**DATA SECTION**
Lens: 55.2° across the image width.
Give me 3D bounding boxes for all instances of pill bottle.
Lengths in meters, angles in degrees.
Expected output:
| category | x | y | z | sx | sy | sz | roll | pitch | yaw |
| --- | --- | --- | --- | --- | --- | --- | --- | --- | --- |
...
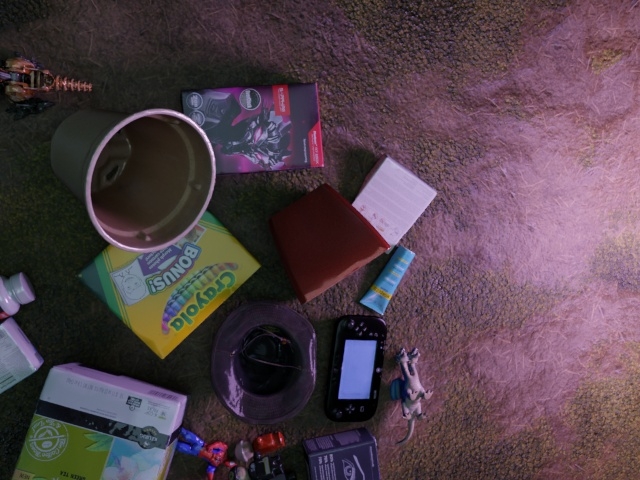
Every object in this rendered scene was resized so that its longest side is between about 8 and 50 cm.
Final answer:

**WORK REQUIRED**
Retype the material in full, exactly as written, and exclude the pictures.

**RESULT**
Lens: 55.2° across the image width.
Give me 3D bounding boxes for all instances of pill bottle.
Lengths in meters, angles in degrees.
Expected output:
| category | x | y | z | sx | sy | sz | roll | pitch | yaw |
| --- | --- | --- | --- | --- | --- | --- | --- | --- | --- |
...
Every object in this rendered scene was resized so that its longest side is between about 8 and 50 cm.
Final answer:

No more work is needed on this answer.